Susan Sontag - An Argument About Beauty (2005)
This week I’ve been reading Susan Sontag’s 2005 essay “An Argument About Beauty.” What struck me is how conflicted we are about beauty. On one hand, we crave it, surround ourselves with it, and let it shape what we find meaningful. On the other, beauty is often treated as shallow, suspect, or even dangerous. As Sontag puts it, “Beauty has never been democratic. It is always a privilege.” That reminder makes me think about how access to beauty: who gets to embody it, who gets to produce it, has always been tied up with power. It’s also got me thinking about pursuing passion being the realm of the privileged, and also how beauty in architecture and public spaces is typically the realm of the wealthy.
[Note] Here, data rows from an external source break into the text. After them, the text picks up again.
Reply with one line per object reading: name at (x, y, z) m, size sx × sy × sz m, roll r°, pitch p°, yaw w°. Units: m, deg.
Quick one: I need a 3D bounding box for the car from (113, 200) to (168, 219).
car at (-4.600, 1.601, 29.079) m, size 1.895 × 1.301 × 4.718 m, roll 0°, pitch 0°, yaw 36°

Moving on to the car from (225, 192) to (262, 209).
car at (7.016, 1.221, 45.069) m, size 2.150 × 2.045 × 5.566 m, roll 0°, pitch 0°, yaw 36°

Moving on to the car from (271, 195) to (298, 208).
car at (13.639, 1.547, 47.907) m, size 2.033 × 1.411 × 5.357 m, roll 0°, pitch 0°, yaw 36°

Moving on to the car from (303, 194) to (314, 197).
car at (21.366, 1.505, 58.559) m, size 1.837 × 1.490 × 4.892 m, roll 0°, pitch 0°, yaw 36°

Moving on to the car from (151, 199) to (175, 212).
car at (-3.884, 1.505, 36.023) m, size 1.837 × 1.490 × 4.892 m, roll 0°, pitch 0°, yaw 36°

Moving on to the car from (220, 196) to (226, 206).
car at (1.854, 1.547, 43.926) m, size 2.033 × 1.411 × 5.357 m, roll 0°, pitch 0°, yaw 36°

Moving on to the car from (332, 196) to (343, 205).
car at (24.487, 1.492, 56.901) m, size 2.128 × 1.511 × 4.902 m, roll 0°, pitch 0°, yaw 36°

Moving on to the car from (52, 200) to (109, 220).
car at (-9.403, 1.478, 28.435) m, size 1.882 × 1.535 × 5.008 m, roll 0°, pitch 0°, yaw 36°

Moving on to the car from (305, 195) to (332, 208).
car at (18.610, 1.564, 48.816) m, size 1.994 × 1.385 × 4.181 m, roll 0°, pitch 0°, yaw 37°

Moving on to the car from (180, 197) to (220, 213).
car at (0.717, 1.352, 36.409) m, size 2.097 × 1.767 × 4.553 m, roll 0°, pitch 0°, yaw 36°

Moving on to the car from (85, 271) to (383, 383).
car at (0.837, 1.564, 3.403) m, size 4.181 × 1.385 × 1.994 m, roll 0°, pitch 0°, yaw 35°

These displays of power dynamics are perhaps the most obvious, but nonetheless illustrate the point of the essay well.
Sontag also writes that “beauty defines itself as the antithesis of the ugly,” which makes me think about how rigid those categories can be, and how art has the potential to blur or collapse them. This feels really relevant to my own practice. I’m drawn to things people might dismiss as “pretty” or “girly.” I’ve always felt that pull, but I’ve also felt the cultural baggage that comes with it, like beauty somehow makes the work less serious, and it’s been a hugely limiting belief in my time at RMIT so far. Reading Sontag makes me see that suspicion of beauty as part of a long history, not just my personal hang-up.
What I take from the essay is a reminder that beauty isn’t neutral, but neither is it frivolous. It shapes how we see the world and each other. In my practice, I want to embrace that double edge and to use beauty deliberately, knowing it can seduce and unsettle at the same time.